Democratic leaders in California, Illinois, New York, Wisconsin and New York City have announced they are joining the WHO’s Global Outbreak Alert and Response Network, an international system that detects and responds to emerging health threats.
Public health and infectious-disease experts have long said stopping diseases at their source is cheaper than emergency responses in the United States.
During a briefing last month with reporters, a senior HHS official said US-led global health efforts going forward will rely on the presence that federal health agencies, such as the Centers for Disease Control and Prevention, the National Institutes of Health, and the Food and Drug Administration, already have in 63 countries and bilateral agreements with “hundreds of countries”.

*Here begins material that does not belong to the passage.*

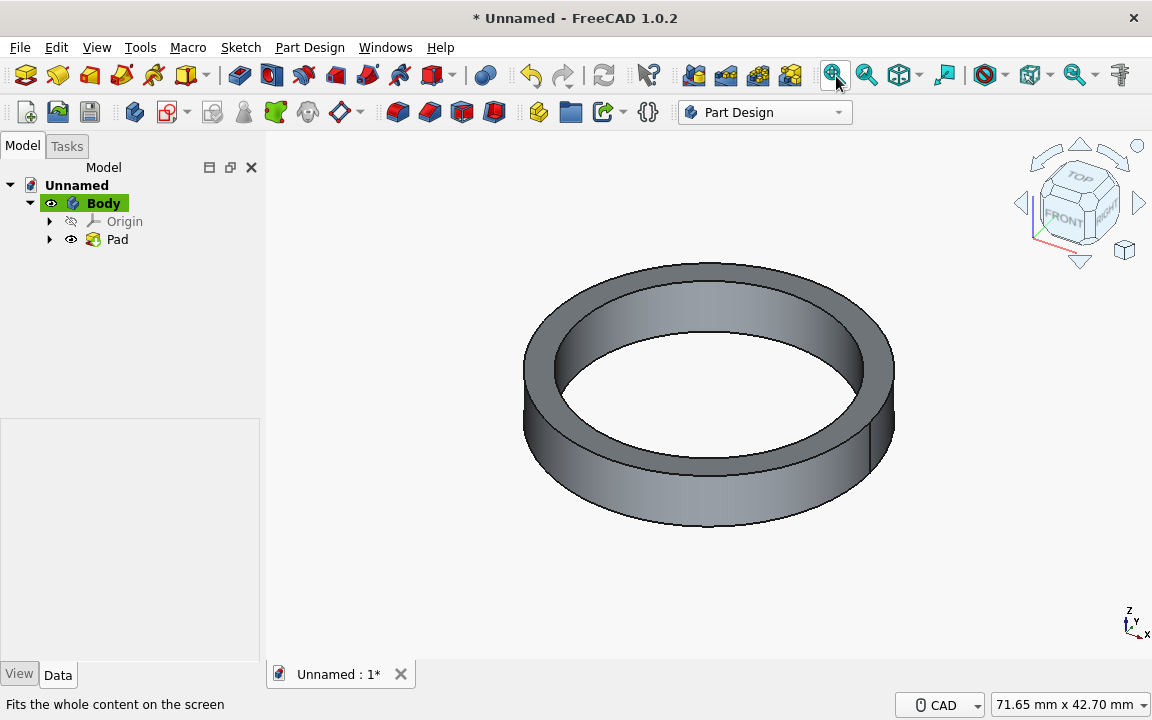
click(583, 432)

“I just want to stress the point that we are not withdrawing from being a leader on global health,” the official said, speaking on the condition of anonymity under ground rules for the briefing.
The new initiative envisions expanding that footprint to more than 130 countries, according to the officials briefed on the proposal. But it comes as global health expertise in federal government under the Trump administration has been depleted by repeated layoffs, deferred resignations and retirements.
The US is also still determining how it will participate in select WHO technical meetings, including the influenza strain-selection session later this month that informs the composition of the annual flu vaccine.